Il mese scorso in pochi in Italia (il manifesto ne è un’eccezione) si sono accorti che a Barcellona è avvenuta una piccola rivoluzione.
Uno di quegli avvenimenti che sono storici, ma che – ancora di più – marcano uno Zeitgeist.
L’Università di Barcellona (la UB), la prima al mondo, si è impegnata a partire dall’anno accademico 2024-2025 a trasformare la crisi ecosociale in materia obbligatoria e trasversale per tutte le facoltà e tutti i corsi di laurea.
Non è un caso che questo avvenga proprio nella città che è diventata riferimento mondiale per le sue politiche urbanistiche ecofriendly.
Uno dei protagonisti che ha reso possibile una decisione che coinvolgerà i 6.200 professori e i più di 14 mila studenti che l’università sforna ogni anno è il dottorando italiano in sociologia Lorenzo Velotti.
Laureato in scienze politiche a Bologna, con master in antropologia a Londra, ha vissuto in Argentina, Stati Uniti, Grecia, fra attivismo e ricerca.
A Londra ha incontrato come professore l’antropologo e attivista anarchico David Greber, riferimento del movimento Occupy Wall Street, che lo ha trasformato.
Attivo nel No Borders Camp in Grecia nel 2016, si è unito nel 2018 a Extinction Rebellion, un movimento che chiede ai governi con azioni di disobbedienza civile nonviolenta di controllare la crisi climatica, fermare la perdita di biodiversità e minimizzare il collasso ecosociale.
«È stato quello il momento in cui mi sono avvicinato alla lotta ecologista», dice.
In quegli anni è quando venne a Barcellona per iniziare una collaborazione di ricerca su decrescita, giustizia ambientale, ecologia politica.
Come è cominciata la campagna che vi ha portato alla protesta alla UB?
I numeri che si vedevano in piazza con Fridays for Future nel 2019 non ci sono più.
End Fossil è una campagna internazionale nata per radicalizzare il movimento per quanto riguarda la tattica, passando da richieste macro a obiettivi concreti, dagli scioperi alle occupazioni.
Io mi sono unito all’ultimo: mi sono presentato il giorno dell’occupazione, 2 novembre.

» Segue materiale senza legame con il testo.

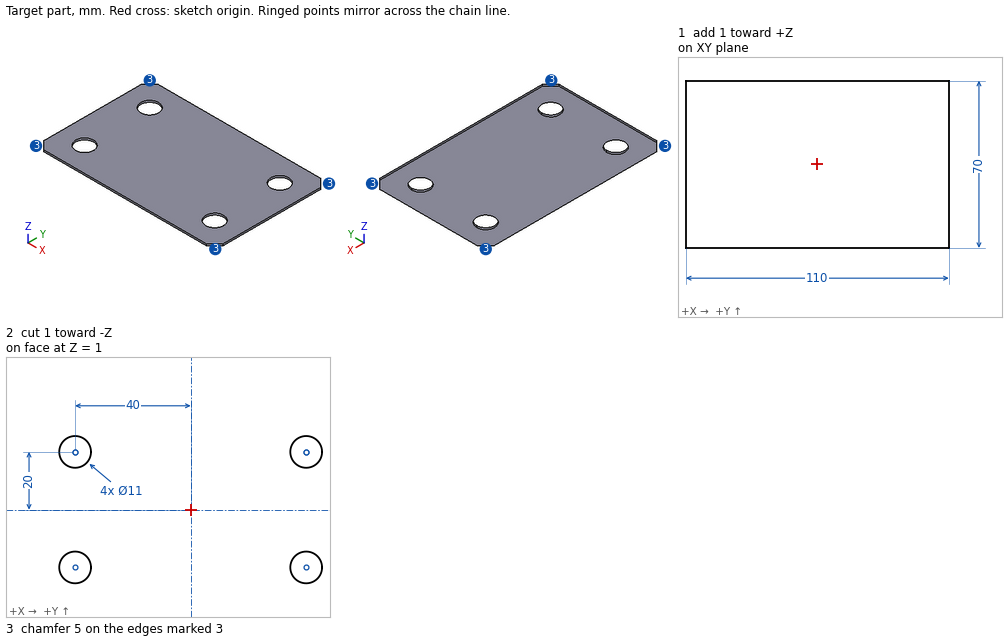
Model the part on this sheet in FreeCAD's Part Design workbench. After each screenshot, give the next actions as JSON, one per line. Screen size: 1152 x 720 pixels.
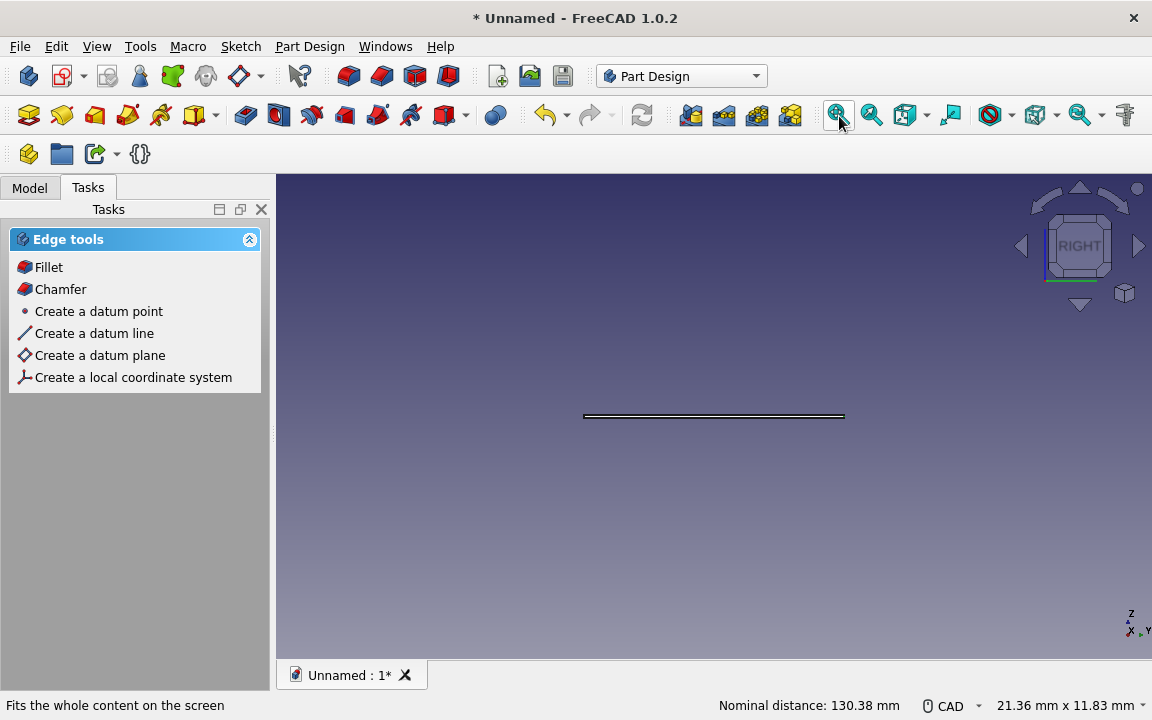
{"action": "key", "text": "5"}
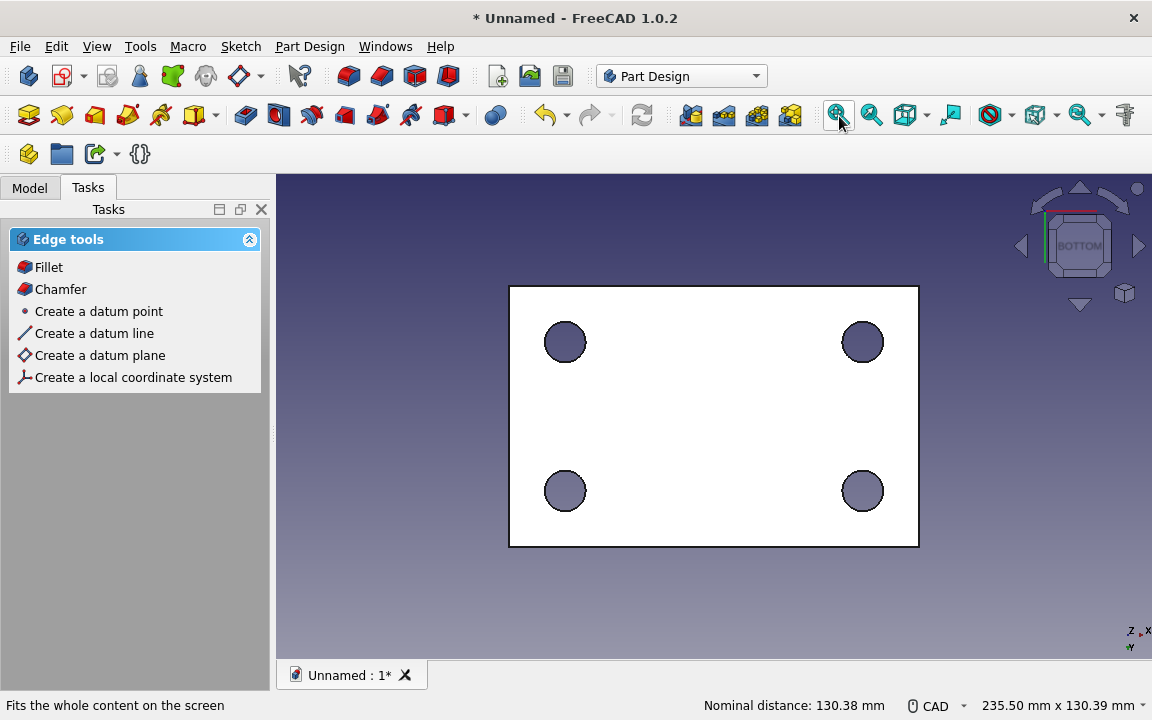
{"action": "scroll", "coordinate": [509, 546], "scroll_direction": "up", "scroll_amount": 12}
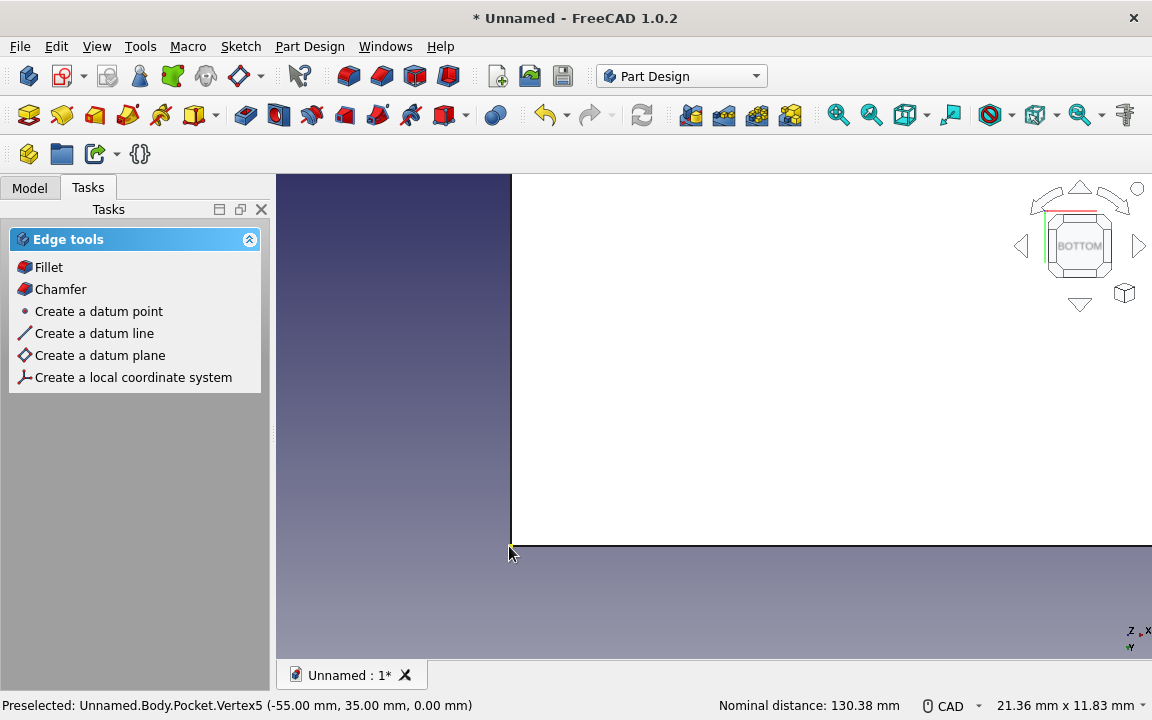
{"action": "left_click", "coordinate": [839, 116]}
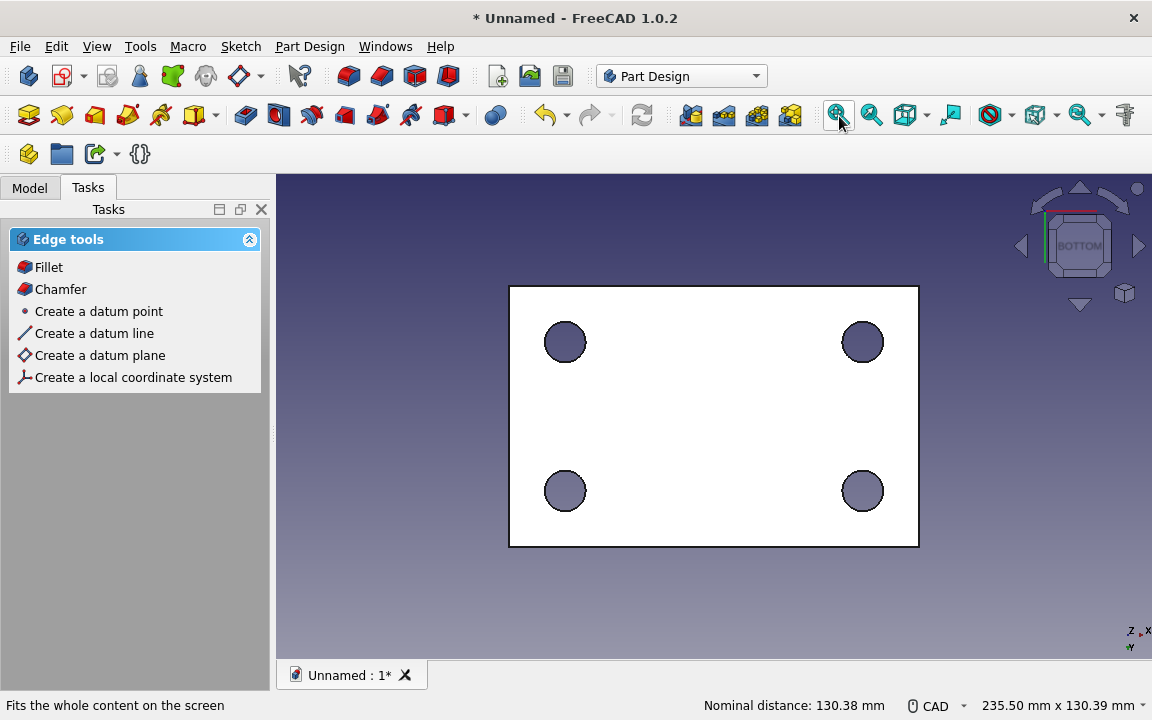
{"action": "key", "text": "4"}

Eravamo solo una trentina di persone e non mi era chiaro che arrivassimo da nessuna parte.
E invece…
Alla fine ho deciso che sarei rimasto a dormire nell’accampamento che avevamo fatto nel cortile.

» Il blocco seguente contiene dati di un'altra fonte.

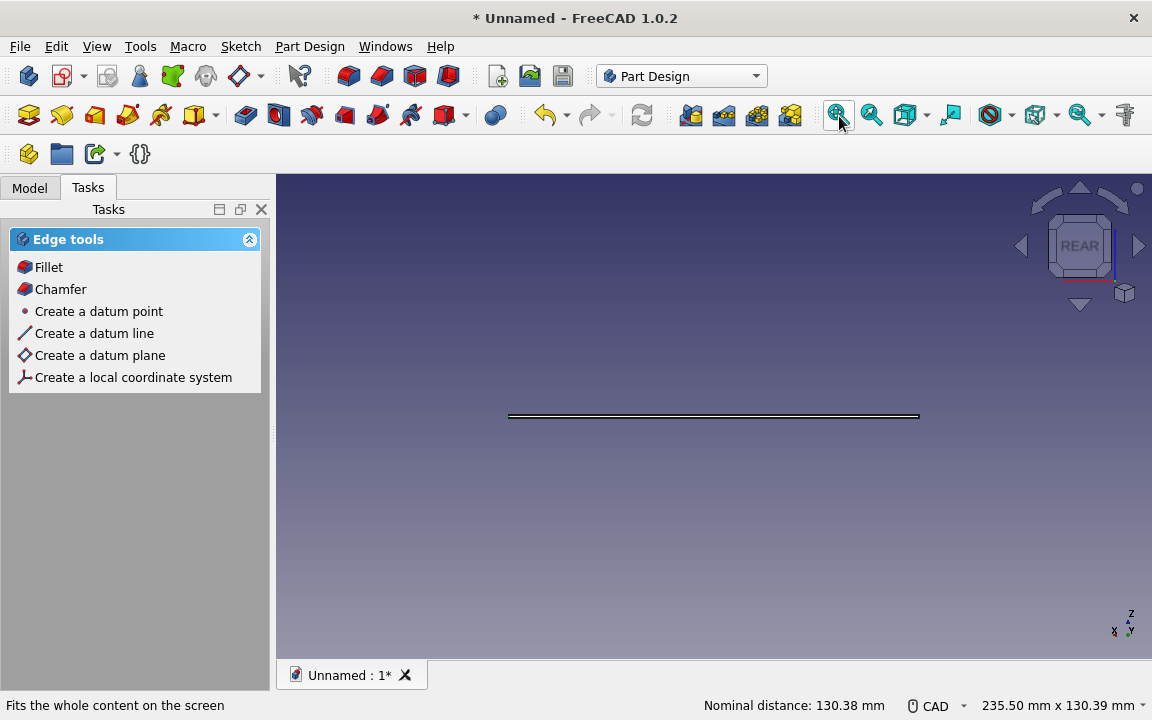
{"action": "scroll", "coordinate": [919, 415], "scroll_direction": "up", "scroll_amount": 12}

L’università ha iniziato subito a negoziare perché quelli che si erano incatenati all’ingresso si togliessero da lì.
Come movimento End Fossil facemmo subito tre richieste: che l’università si svincolasse da imprese legate ai combustibili fossili, in questo caso Repsol; che si svincolasse dalle banche che fanno business con i fossili, in questo caso da Santander, che è molto pervasiva della vita universitaria; e infine che si istituisse una materia sulla crisi ecosociale trasversale per tutti i corsi.
E come è andata?
Il giorno dopo l’occupazione l’università ci fece arrivare un documento astratto che voleva che firmassimo, dicevano che era un ultimatum.
Ma era solo strategia: non avrebbero smesso veramente di negoziare.
Quindi resistemmo.
Loro non avevano nessuna intenzione di farci stare li all’infinito e neppure di farci sgomberare dalla polizia nella sede storica dell’Università.
Come mai?
Perché, grazie alle lotte degli ultimi anni e al cambio di coscienza che si sta creando nella società riguardo a questo tema, perlomeno a Barcellona, è difficile immaginare che un’università si possa permettere di far sgomberare con la forza dalla polizia degli studenti che stanno chiedendo quello che chiedevamo noi.
Questa è una vittoria frutto di anni di lotte.
Abbiamo continuato a negoziare con il rettorato su ogni virgola del documento che loro ci avevano consegnato, aggiungendo le nostre richieste e smontando i loro argomenti.
Finché siamo riusciti con sudore e lacrime ad arrivare all’accettazione da parte dell’Università della richiesta sulla materia trasversale sulla crisi ecosociale.
E come definiresti la crisi ecosociale?
È un concetto introdotto dall’attivista intellettuale spagnola Yayo Herrero, ecofemminista e antropologa che ha teorizzato la crisi in corso non solo come una crisi climatica, ma come una crisi ecosociale, perché ha a che vedere non solo con una questione puramente biofisica ma è una crisi sistemica della civiltà che ha degli effetti socioeconomici, disuguaglianze globali e nazionali e questioni di genere.
È un sistema che nel suo complesso non sostiene la vita: come esseri umani siamo sia interdipendenti che ecodipendenti.
È una prospettiva più sistemica rispetto alla crisi ecologica.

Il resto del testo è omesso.